Assignment = Reading the records below, how many lines contain "weten"? Respond with a number and nothing else.

#####

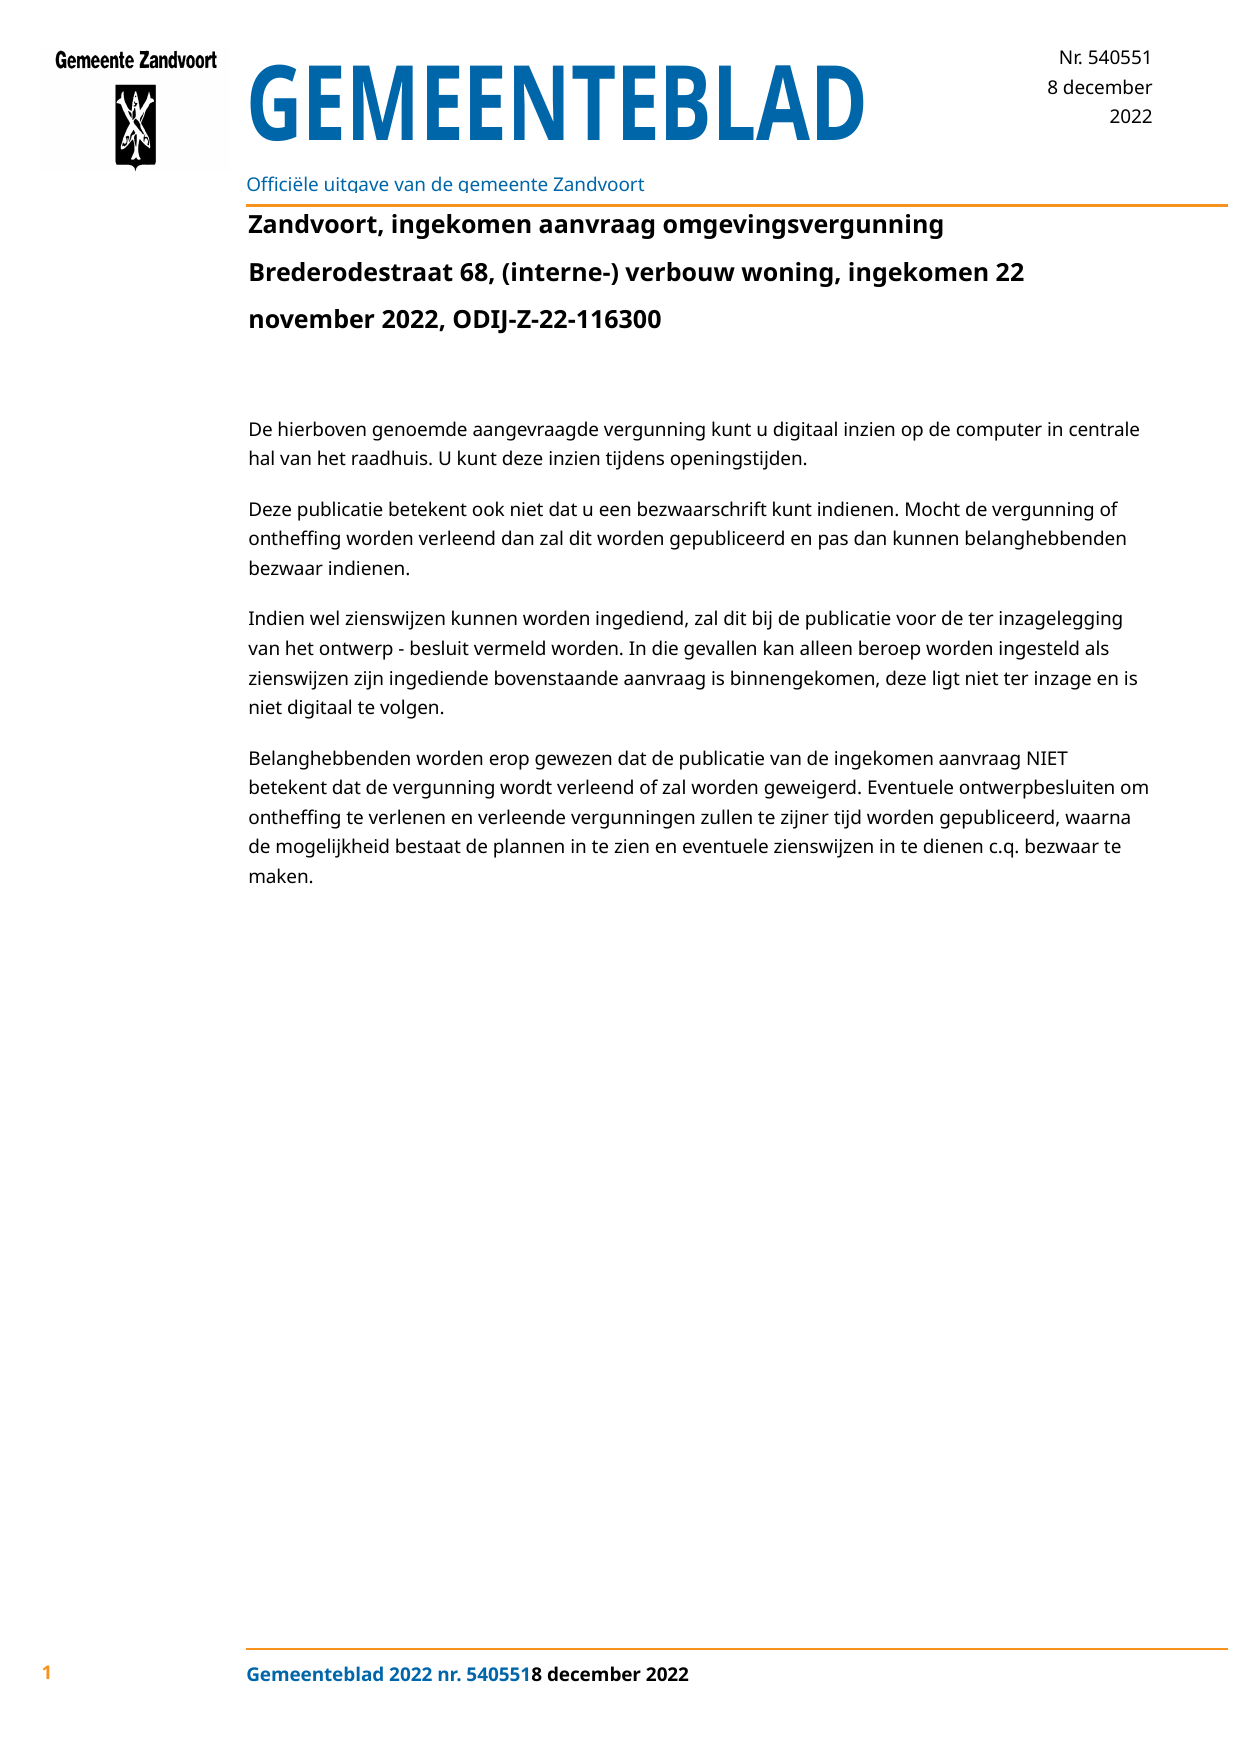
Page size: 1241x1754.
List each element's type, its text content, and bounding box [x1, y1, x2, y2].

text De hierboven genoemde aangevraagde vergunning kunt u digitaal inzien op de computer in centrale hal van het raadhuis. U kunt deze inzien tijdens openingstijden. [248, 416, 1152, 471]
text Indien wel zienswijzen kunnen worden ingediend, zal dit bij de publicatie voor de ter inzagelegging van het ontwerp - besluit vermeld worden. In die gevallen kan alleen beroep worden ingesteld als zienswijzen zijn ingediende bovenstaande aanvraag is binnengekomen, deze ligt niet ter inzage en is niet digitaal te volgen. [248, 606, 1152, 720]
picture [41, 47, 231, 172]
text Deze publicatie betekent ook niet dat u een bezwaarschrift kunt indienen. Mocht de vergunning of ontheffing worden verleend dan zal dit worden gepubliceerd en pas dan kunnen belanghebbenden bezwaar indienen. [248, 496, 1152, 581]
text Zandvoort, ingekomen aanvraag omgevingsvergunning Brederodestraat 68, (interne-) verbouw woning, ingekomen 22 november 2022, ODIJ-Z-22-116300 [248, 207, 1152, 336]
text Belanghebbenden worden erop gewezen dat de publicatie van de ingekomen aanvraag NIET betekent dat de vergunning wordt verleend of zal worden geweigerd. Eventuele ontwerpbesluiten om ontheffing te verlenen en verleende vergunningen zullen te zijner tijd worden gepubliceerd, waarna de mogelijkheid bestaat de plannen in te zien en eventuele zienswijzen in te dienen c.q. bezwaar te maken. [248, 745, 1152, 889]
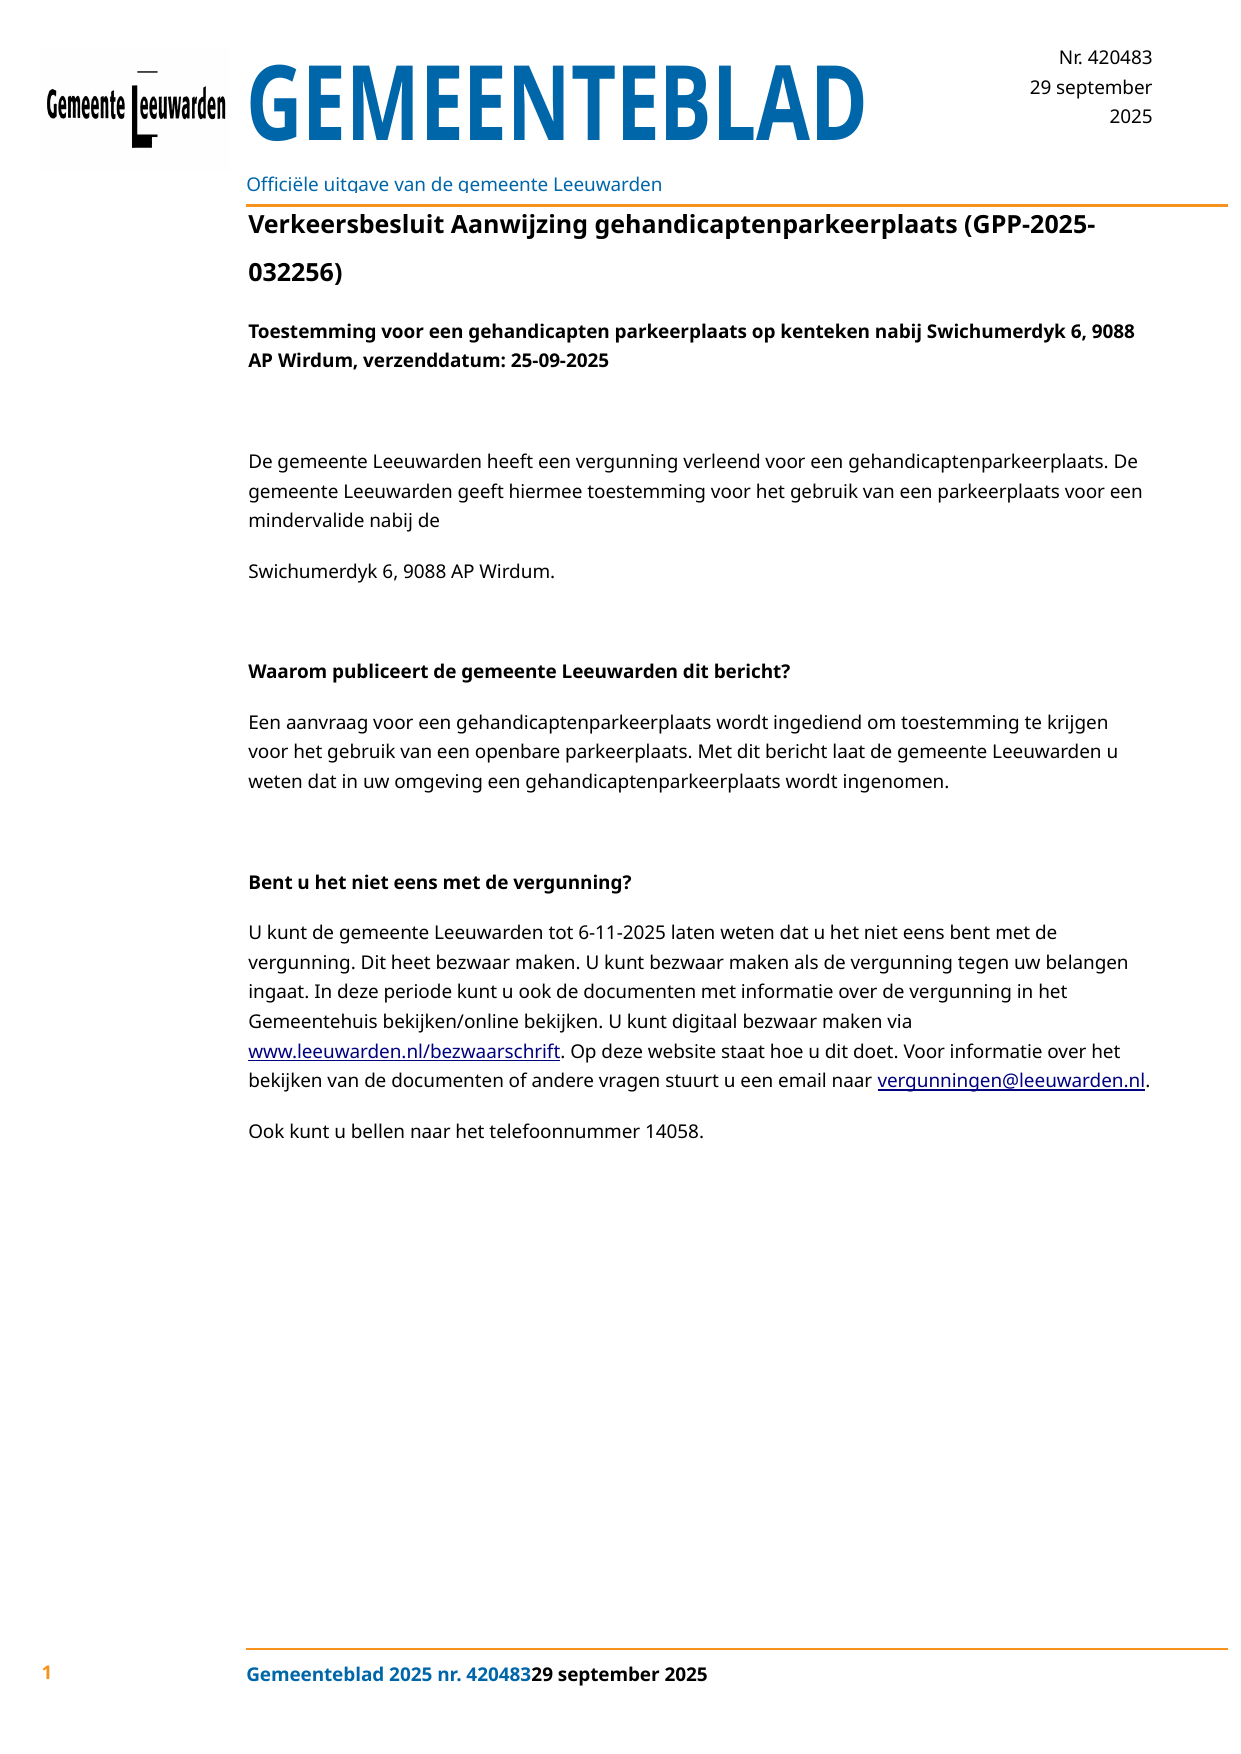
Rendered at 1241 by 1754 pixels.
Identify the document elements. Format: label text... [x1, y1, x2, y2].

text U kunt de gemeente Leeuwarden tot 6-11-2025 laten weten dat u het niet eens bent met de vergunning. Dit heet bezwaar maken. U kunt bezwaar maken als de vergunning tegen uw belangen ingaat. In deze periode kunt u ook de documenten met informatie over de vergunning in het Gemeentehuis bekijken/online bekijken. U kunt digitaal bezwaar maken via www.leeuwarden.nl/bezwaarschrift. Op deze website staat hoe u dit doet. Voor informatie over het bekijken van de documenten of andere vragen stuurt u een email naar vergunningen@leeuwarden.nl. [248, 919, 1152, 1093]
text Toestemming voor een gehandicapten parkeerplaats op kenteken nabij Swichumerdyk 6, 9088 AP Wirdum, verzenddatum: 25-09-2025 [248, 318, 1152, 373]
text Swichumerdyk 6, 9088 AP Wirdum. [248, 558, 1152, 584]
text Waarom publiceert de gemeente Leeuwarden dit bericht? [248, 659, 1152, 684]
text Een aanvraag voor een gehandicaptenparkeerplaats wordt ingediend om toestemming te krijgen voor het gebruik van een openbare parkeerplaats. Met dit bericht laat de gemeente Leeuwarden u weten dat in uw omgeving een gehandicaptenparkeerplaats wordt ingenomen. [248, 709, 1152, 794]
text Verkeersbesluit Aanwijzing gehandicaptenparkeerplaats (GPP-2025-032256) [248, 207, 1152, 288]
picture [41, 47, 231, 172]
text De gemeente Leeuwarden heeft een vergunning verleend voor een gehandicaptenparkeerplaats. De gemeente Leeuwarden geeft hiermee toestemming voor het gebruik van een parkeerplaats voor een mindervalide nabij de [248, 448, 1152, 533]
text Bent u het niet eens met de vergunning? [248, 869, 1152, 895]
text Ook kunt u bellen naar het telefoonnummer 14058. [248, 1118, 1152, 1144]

#####

Solution to the problem = 2